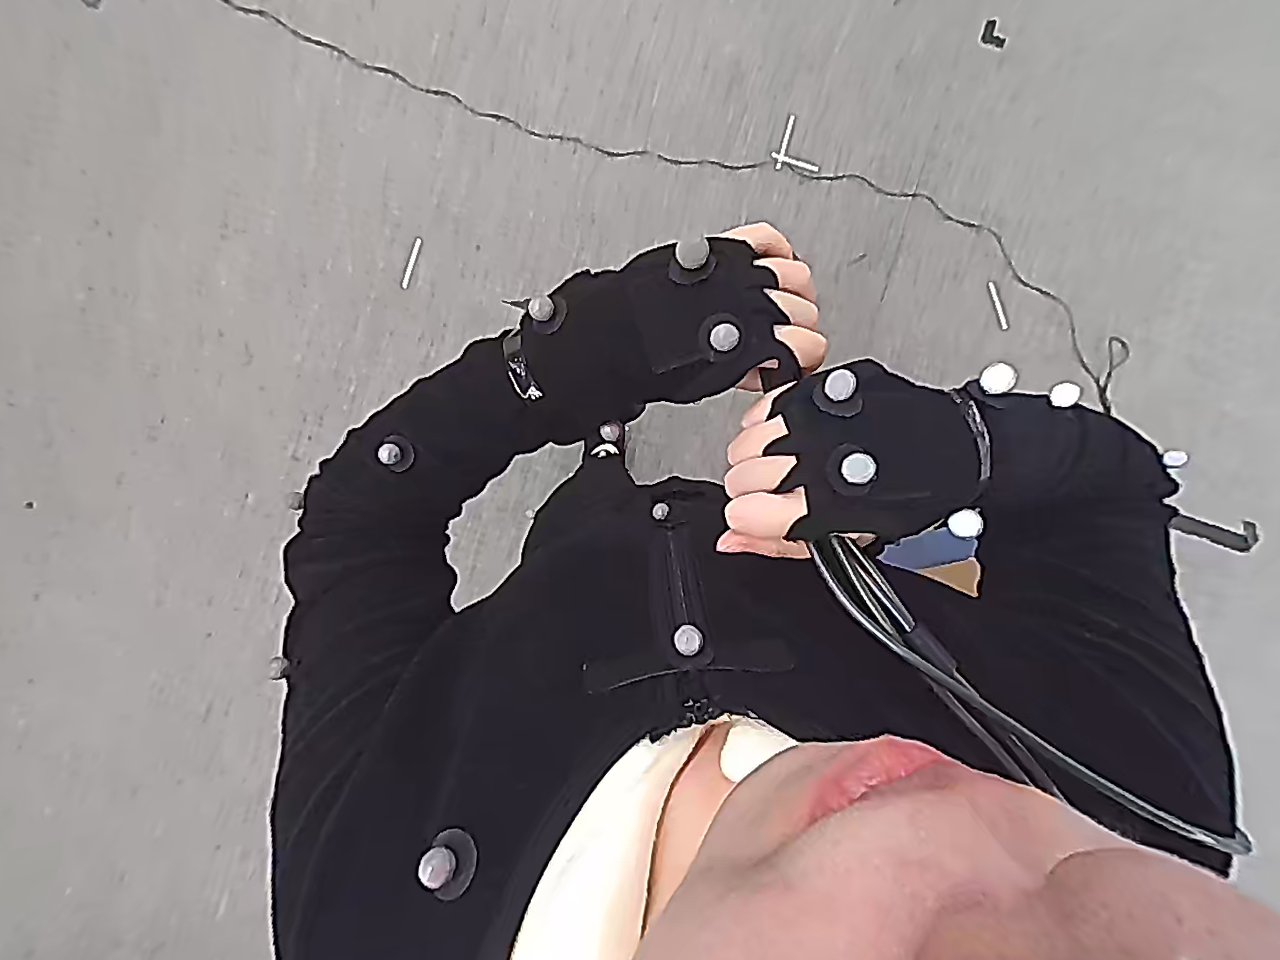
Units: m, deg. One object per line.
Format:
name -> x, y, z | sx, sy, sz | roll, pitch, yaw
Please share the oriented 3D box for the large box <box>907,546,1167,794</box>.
large box -> 0.855, 0.392, 1.212 | 0.320, 0.320, 0.408 | -11, 93, -1
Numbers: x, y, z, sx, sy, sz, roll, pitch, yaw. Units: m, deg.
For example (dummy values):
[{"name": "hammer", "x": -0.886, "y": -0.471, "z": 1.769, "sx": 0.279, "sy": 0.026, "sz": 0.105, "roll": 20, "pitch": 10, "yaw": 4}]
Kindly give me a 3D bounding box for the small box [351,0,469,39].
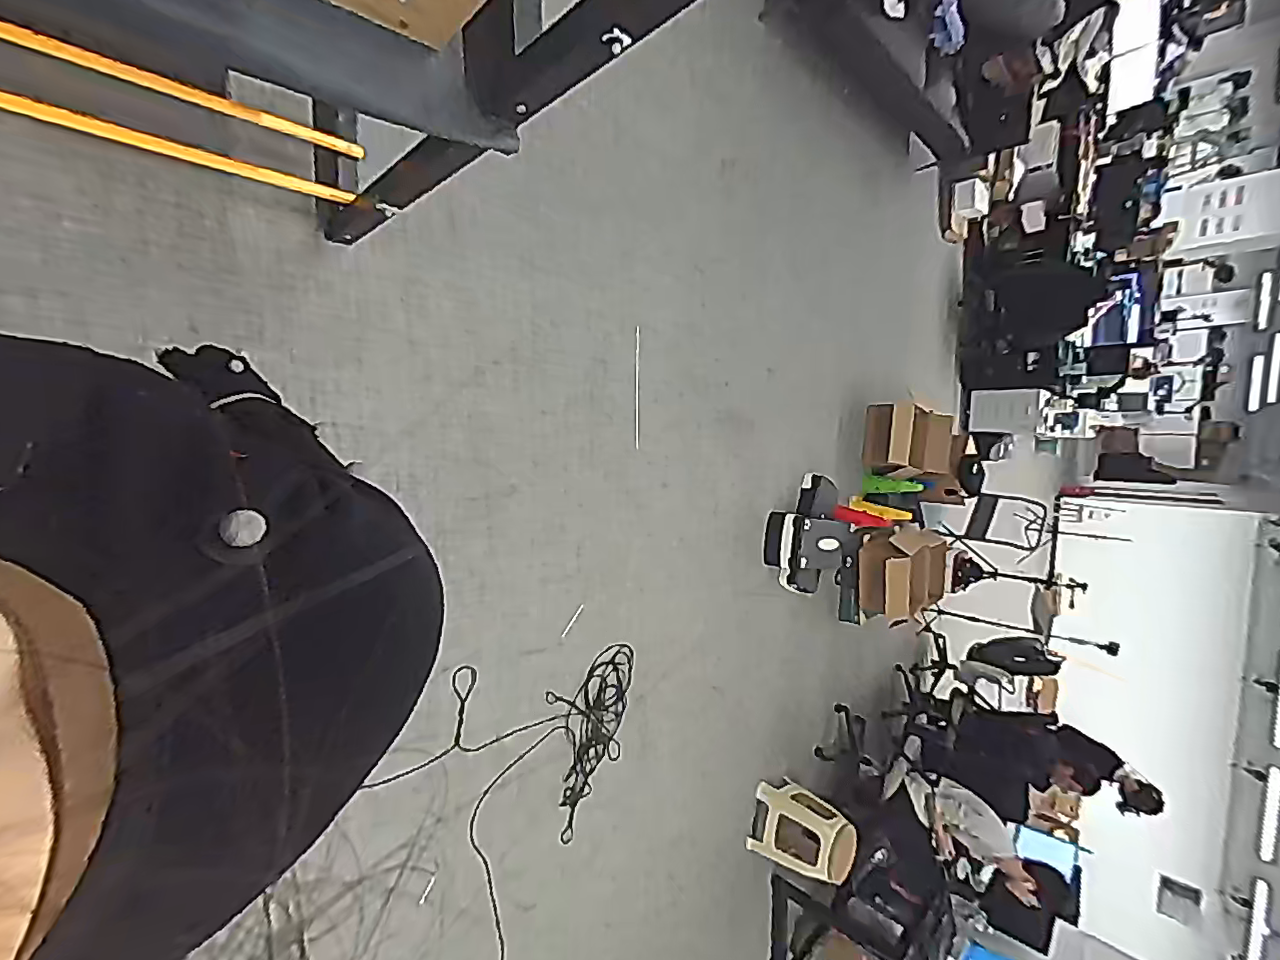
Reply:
[{"name": "small box", "x": -0.291, "y": -0.688, "z": 0.648, "sx": 0.168, "sy": 0.176, "sz": 0.179, "roll": -11, "pitch": 101, "yaw": -45}]

### Work task
After identifying the lines above that contain "Units", copy each one.

### Answer to the exercise
Units: m, deg. One object per line.
Numbers: x, y, z, sx, sy, sz, roll, pitch, yaw. Units: m, deg.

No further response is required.